-------- Dataset records
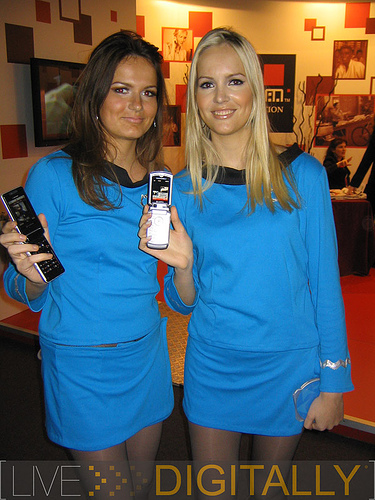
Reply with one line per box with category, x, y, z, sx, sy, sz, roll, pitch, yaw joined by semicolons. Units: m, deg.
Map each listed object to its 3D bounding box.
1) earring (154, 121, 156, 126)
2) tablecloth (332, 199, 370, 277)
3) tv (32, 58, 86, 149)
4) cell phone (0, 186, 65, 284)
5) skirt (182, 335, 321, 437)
earring;-0.115;-0.437;1.440;0.004;0.017;0.010;-17;30;-30
tablecloth;1.829;-0.110;4.658;0.444;0.857;0.214;-1;26;-2
tv;-0.980;-1.216;3.480;0.768;0.703;0.066;9;16;26
cell phone;-0.388;-0.016;1.045;0.098;0.271;0.153;-14;29;-26
skirt;0.196;0.405;1.303;0.405;0.273;0.226;0;-15;18
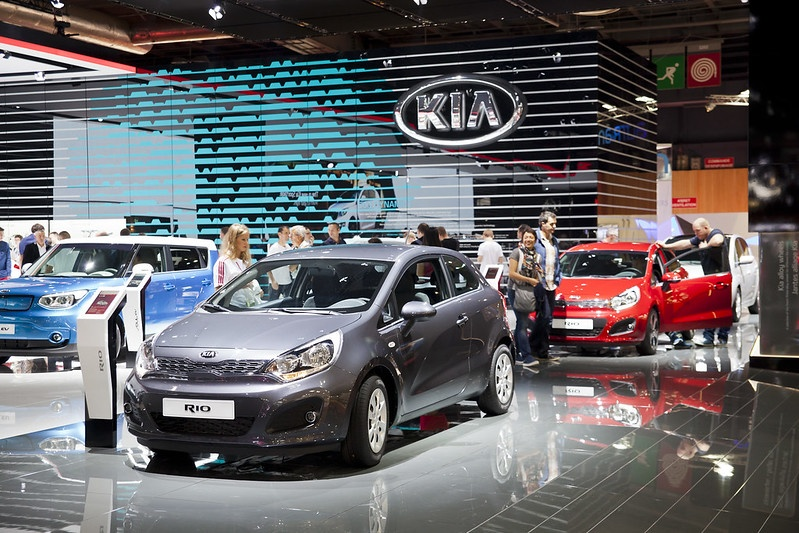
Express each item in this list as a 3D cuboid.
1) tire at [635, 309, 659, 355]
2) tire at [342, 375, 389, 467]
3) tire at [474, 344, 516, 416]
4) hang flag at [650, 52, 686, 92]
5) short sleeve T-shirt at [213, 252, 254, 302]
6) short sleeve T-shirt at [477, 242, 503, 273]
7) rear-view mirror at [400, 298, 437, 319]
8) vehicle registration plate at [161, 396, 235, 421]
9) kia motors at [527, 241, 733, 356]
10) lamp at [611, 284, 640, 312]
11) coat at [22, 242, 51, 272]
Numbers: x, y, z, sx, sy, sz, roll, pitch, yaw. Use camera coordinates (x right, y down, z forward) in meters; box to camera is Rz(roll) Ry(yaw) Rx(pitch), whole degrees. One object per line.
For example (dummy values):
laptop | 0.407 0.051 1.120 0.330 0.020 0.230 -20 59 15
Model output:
tire | 3.841 0.983 9.780 0.253 0.708 0.755 5 6 32
tire | -0.297 1.229 5.028 0.258 0.732 0.773 1 6 18
tire | 0.981 1.175 6.571 0.209 0.599 0.614 -2 -35 24
hang flag | 8.648 -6.239 19.992 0.925 1.165 0.728 1 3 20
short sleeve T-shirt | -1.782 0.110 6.687 0.290 0.505 0.534 -3 -2 28
short sleeve T-shirt | 1.876 -0.197 13.117 0.685 0.838 0.366 1 12 1
rear-view mirror | 0.156 0.368 5.491 0.209 0.088 0.176 -1 11 -2
vehicle registration plate | -1.522 1.070 4.767 0.295 0.071 0.260 1 -2 7
kia motors | 4.229 0.307 10.887 2.921 1.416 3.632 1 8 30
lamp | 3.456 0.486 9.552 0.523 0.333 0.179 -2 3 -29
coat | -6.444 -0.165 11.080 0.608 0.547 0.313 1 -7 -11
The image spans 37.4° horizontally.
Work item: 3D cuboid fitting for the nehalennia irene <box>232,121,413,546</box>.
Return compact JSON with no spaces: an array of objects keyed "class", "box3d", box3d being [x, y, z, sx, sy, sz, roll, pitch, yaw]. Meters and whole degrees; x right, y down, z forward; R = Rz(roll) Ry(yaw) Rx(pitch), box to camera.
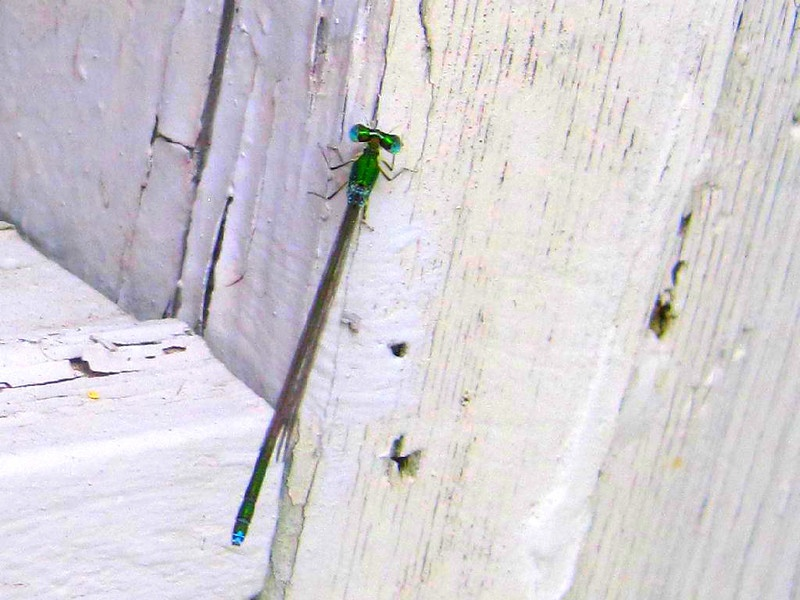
[{"class":"nehalennia irene","box3d":[-0.163,-0.009,2.543,0.293,1.037,0.245,18,17,4]}]
----------------
## What you are asked to do
The response should consist of the lines above from the first through the one containing "4) cell phone (0, 186, 65, 284)", transcribed exactly, with every picture left out.

## Task output
Reply with one line per box with category, x, y, z, sx, sy, sz, roll, pitch, yaw joined by semicolons. Units: m, deg.
Map each listed object to its 3D bounding box.
1) earring (154, 121, 156, 126)
2) tablecloth (332, 199, 370, 277)
3) tv (32, 58, 86, 149)
4) cell phone (0, 186, 65, 284)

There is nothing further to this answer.